陪游似乎一时想不起来那个词用汉语该怎么说,抓耳挠腮了半天,索性叽里咕噜地用土话说了一长串。
大家确实听不懂,宋荔晚好奇,也侧耳去听,却听到身边的程潘笑了一声,低声向她解释说:“他说,这不是一般的坏天气,是老天爷发了怒,要不给生灵活路。

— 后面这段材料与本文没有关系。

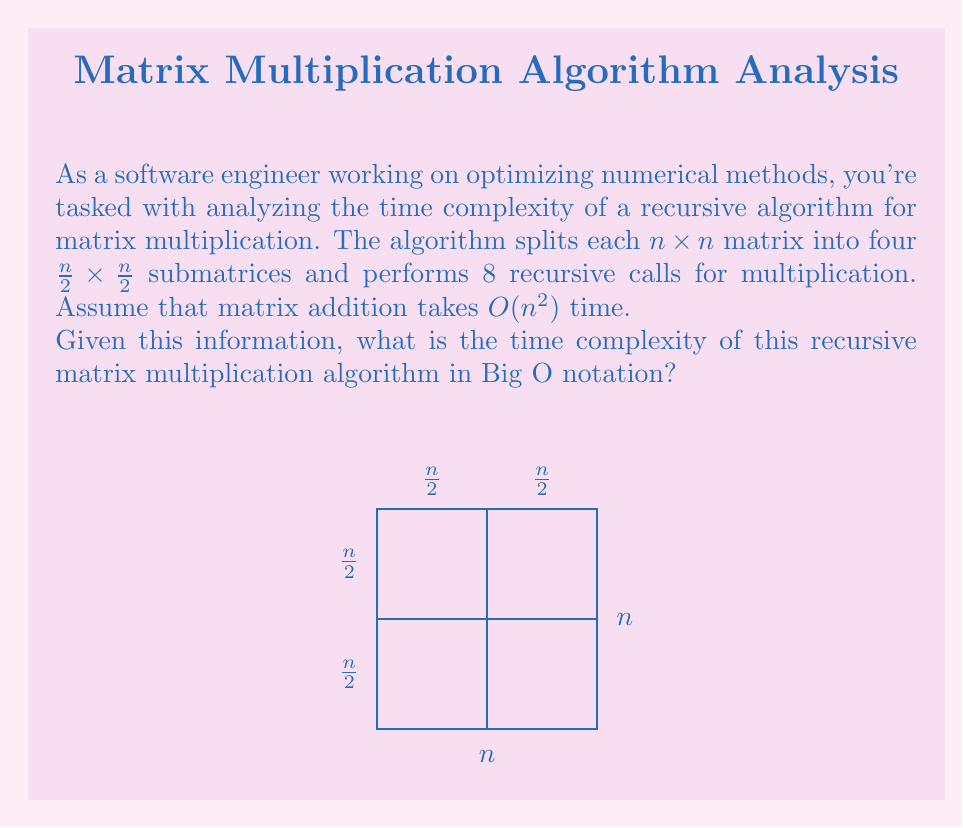Show me your answer to this math problem. To analyze the time complexity of this recursive matrix multiplication algorithm, we'll use the Master Theorem. Let's break it down step-by-step:

1) First, we need to identify the recurrence relation. Let $T(n)$ be the time complexity for multiplying two $n \times n$ matrices:

   $T(n) = 8T(\frac{n}{2}) + O(n^2)$

   Here, 8 comes from the number of recursive calls, $\frac{n}{2}$ is the size of each submatrix, and $O(n^2)$ is the time for matrix addition.

2) Now, let's compare this to the general form of the Master Theorem:

   $T(n) = aT(\frac{n}{b}) + f(n)$

   Where $a \geq 1$, $b > 1$, and $f(n)$ is a positive function.

3) In our case:
   $a = 8$
   $b = 2$
   $f(n) = O(n^2)$

4) The next step is to compare $n^{\log_b a}$ with $f(n)$:

   $n^{\log_b a} = n^{\log_2 8} = n^3$

5) Since $f(n) = O(n^2)$ and $n^{\log_b a} = n^3$, we have:

   $f(n) = O(n^{\log_b a - \epsilon})$ for some $\epsilon > 0$

   This corresponds to Case 1 of the Master Theorem.

6) According to Case 1, the solution to the recurrence is:

   $T(n) = \Theta(n^{\log_b a}) = \Theta(n^{\log_2 8}) = \Theta(n^3)$

Therefore, the time complexity of this recursive matrix multiplication algorithm is $\Theta(n^3)$.
Answer: $\Theta(n^3)$ 
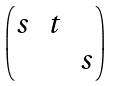<formula> <loc_0><loc_0><loc_500><loc_500>\begin{pmatrix} s & t & \\ & & s \end{pmatrix}</formula> 
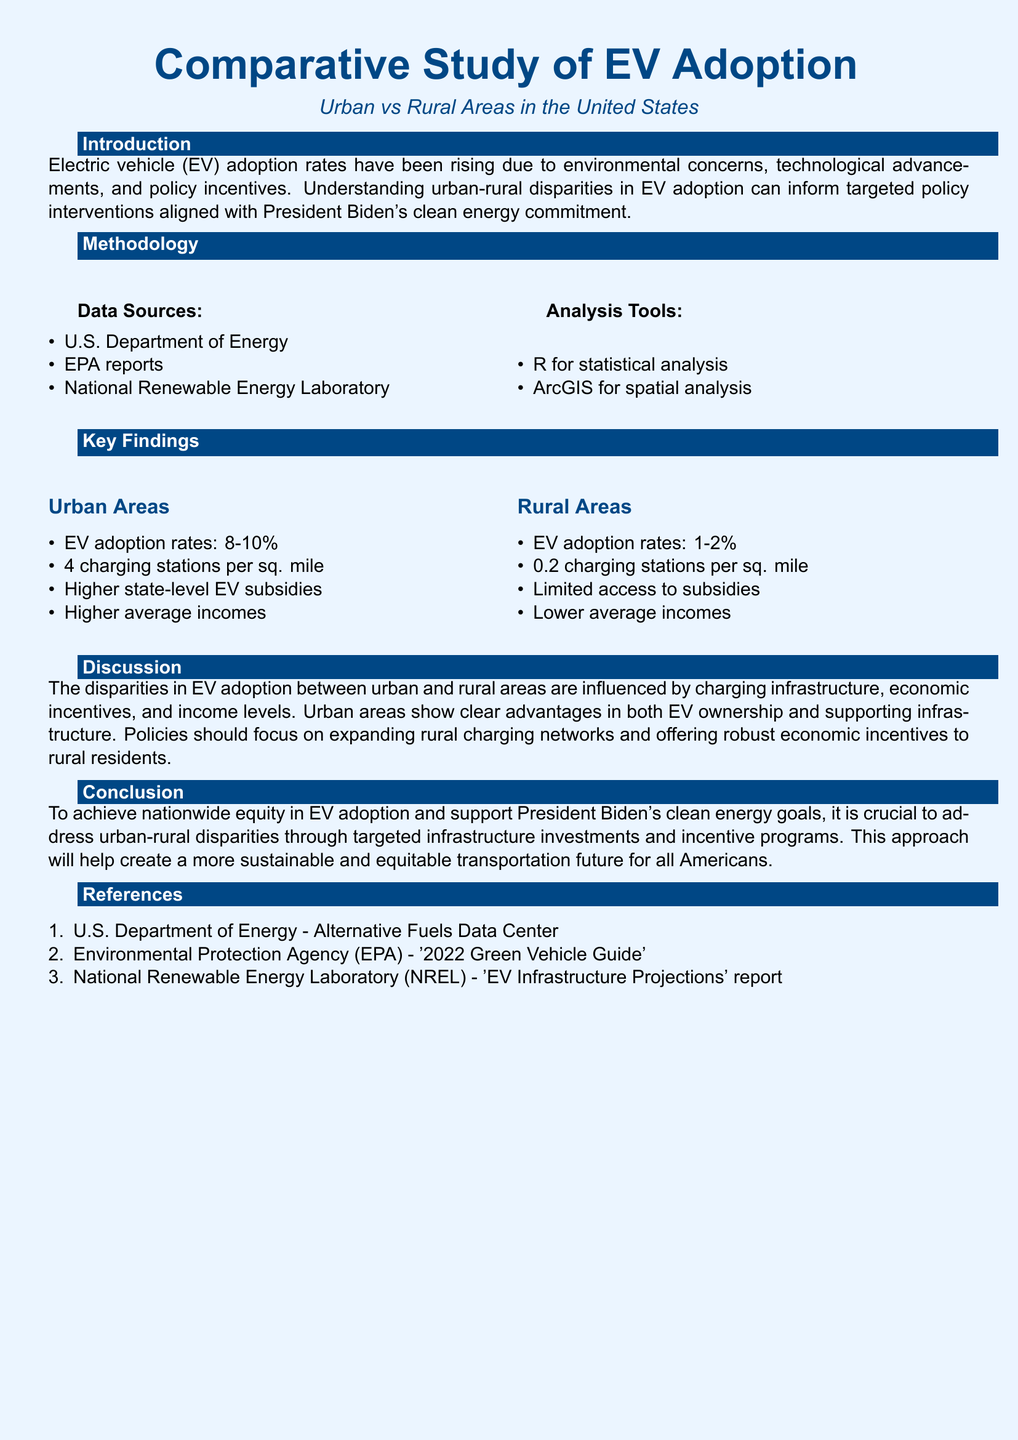what are the electric vehicle adoption rates in urban areas? The document states that the EV adoption rates in urban areas range from 8 to 10 percent.
Answer: 8-10 percent what are the electric vehicle adoption rates in rural areas? The document indicates that the EV adoption rates in rural areas range from 1 to 2 percent.
Answer: 1-2 percent how many charging stations are there per square mile in urban areas? The report mentions there are 4 charging stations per square mile in urban areas.
Answer: 4 charging stations how many charging stations are there per square mile in rural areas? According to the document, there are 0.2 charging stations per square mile in rural areas.
Answer: 0.2 charging stations which government body provides data for the study? The methodology section lists the U.S. Department of Energy as a data source.
Answer: U.S. Department of Energy what analytical tools were used in the study? The analysis tools mentioned in the document are R for statistical analysis and ArcGIS for spatial analysis.
Answer: R and ArcGIS why do urban areas have higher EV adoption rates than rural areas? The discussion notes that urban areas have advantages in charging infrastructure, economic incentives, and income levels.
Answer: Charging infrastructure, economic incentives, income levels what should policies focus on to improve EV adoption in rural areas? The document suggests that policies should focus on expanding rural charging networks and offering robust economic incentives.
Answer: Expanding rural charging networks, robust economic incentives what is the primary goal of the study? The conclusion states that the goal is to address urban-rural disparities in EV adoption to support clean energy goals.
Answer: Address urban-rural disparities to support clean energy goals

”
那天宋荔晚和他原本准备一起吃饭,可他表现得有些奇怪,宋荔晚也因为遇到了靳长殊,只能选择不告而别,再见面宋荔晚以为彼此会很尴尬,可没想到他却若无其事,又成了她乖巧懂事的小助理。
宋荔晚也不是多事的人,既然他愿意将自己的位置重新摆放好,那她也不会在工作的尾声找他麻烦。
“你居然听得懂当地的方言?”
“曾经来这里住过一段时间。”程潘唇角翘着,微笑道,“我很喜欢这里,自由空旷,高温多雨,适合一切野蛮生长的物种。”
他话里有话,可宋荔晚并不深究,只是淡淡应了一声,恰好贺砺喊她,她便名正言顺地起身,往另一边走去了。
陪游的话,在一个小时之后被证实是真的。
一小时后,所有人手机上都收到了风暴将要来的预警,连同一起的,还有可能出现的海啸。
陪游吓得跪在地上,亲吻沙质的地面,一面向着天空喃喃地祈祷着,他有自己的信仰,剧组里的人并不打扰他,而是飞快地将昂贵的道具和摄影工具收拾妥当,第一批送上了船。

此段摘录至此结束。